Wednesday, December 9, 2009

In Which I Don't Make The Rules

If you stop and think about it, there are a lot of rules that we as a society follow. Some of these rules are unspoken, things that we learn inherently from watching other people's actions and reactions, but a majority of them are things we are instructed to do or not do. Don't walk on the grass. Don't fart in church. Don't give whiskey to children.

Rules, rules, rules.

We're so obsessed about being politically correct and not stepping on anyone's toes and not upsetting anyone, so there are rules for everything. There are probably even rules about having rules. And those rules probably have a set of rules governing them. Don't even get me started on the inevitable exceptions to these rules. That's a whole other brand of vodka.

It occurred to me lately, in the twisted way that my mind works, that some of the rules that have been ingrained into our human nature have more than one application. The more I thought about it, the more I found that there are some rules that are universal.

For example:
"Look, but don't touch." - Spoken to children in museums or any place where there are breakable items. Also applies to observer's in an operating room, House-Of-Cards building competitions, and strip clubs.
"No jumping on the couch." - Orders given to children playing on the furniture. Also applies to celebrities with a tendency for irrational behavior being featured as a guest on popular afternoon talk shows. 
"Always wear clean underwear." - Advice given by mothers to their children, specifically warning them about wearing clean undergarments in case they are in an accident. Also applies to drug mules and hookers. 
"Don't talk with your mouth full." - A rule imposed on anyone who likes to both eat and talk. Also applies to those currently engaged in oral sex. 
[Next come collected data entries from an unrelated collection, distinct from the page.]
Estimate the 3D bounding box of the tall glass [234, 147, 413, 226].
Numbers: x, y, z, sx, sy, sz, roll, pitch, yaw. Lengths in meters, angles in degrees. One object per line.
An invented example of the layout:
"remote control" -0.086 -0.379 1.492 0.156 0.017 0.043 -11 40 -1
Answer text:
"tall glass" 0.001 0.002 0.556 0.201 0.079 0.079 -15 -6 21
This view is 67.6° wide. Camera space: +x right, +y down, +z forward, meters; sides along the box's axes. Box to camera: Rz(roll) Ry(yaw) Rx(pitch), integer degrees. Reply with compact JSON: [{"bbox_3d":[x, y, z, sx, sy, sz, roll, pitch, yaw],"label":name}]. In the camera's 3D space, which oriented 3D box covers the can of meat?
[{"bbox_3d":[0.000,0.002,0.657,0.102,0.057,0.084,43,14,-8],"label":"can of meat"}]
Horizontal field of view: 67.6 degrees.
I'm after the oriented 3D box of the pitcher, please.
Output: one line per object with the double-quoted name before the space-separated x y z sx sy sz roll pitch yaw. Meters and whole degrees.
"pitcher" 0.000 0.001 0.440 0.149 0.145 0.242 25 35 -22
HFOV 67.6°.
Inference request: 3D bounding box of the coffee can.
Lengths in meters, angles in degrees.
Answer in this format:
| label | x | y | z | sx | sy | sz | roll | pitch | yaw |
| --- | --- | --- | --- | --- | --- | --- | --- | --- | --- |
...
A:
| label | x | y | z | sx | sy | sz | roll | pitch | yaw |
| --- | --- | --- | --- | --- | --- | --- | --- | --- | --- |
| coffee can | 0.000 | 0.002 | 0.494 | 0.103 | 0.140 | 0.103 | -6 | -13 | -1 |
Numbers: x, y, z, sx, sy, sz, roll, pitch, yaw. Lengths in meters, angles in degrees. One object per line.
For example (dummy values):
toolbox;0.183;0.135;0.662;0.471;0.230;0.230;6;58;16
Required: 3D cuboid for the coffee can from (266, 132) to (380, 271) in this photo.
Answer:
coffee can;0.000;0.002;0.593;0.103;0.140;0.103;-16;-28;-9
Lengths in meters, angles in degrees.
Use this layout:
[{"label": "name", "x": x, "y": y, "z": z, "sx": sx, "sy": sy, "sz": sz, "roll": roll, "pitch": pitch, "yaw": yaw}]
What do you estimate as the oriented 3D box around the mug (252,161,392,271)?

I'm sure there are many other rules that could be considered universal that I didn't think of. I mean, there has got to be more. This is just all that my sleep-deprived mind can put together right now.

What can you come up with?

31 Comments:

JennyMac said...

Don't run with scissors...meant to protect you from stabbing yourself when engaged in horseplay and sharp objects..although not applicable to Augusten Burroughs...

Think before you speak..meant for everyone really, but should be especially applicable to certain politicians.

Cheryl said...

What do you mean "don't fart in church".. I have never heard of this rule.

Jan said...

Shut the refrigerator door, you're letting all the cold out!

Deb Thaxton said...

You get what you get and you don't get upset. Also known as Marriage.

;-)
~deb
www.WebSavyMom.com

mumma boo said...

Don't be a tattletale. Applies to small children, Mob informants, and celebrity wannabe's trying to get their 15 minutes.

Moonspun said...

I can't tell you how many times I've said to lil moonspun in some shops, "don't even think about touching anything."
how about "you should be grateful, others don't have what you have."

Logical Libby said...

"Eat your vegetables." I am 35 years old and I still can't eat what I want because of my Mom's voice in my head.

Mwa said...

Play nicely together. Applicable in so many situations.

mepsipax said...

You break it you buy it. Works for merchandise and women. Seriously, don't fuck it up for the rest of us.
And mumma boo. My brother best said it as "Snitches get stitches"

Organic Meatbag said...

Don't shit where you eat...unless you are two girls with one cup...

Aunt Juicebox said...

Do what I say, and nobody gets hurts. Oh wait, that may just be in my house. Sorry.

Amber Page Writes said...

Do unto others what you would have done to you. I'll just let your imaginations think of all the situations where that is applicable...

carissajaded said...

Don't look a gifthorse in the mouth. I don't think you should look anyone in the mouth... it's just weird. Unless you're a dentist.

Jenn(ifer) said...

pick up your feet!!

I used to hate hearing that, now I'm forever telling Boy Child to pick up his feet when he walks.

Notesfromthegrove said...

I never got the underwear one. I mean, are they actually going to look INSIDE my underwear? That's perverted.

Little Ms Blogger said...

Don't talk to strangers....How does that work on a blind date? Do you sit and stare at each other?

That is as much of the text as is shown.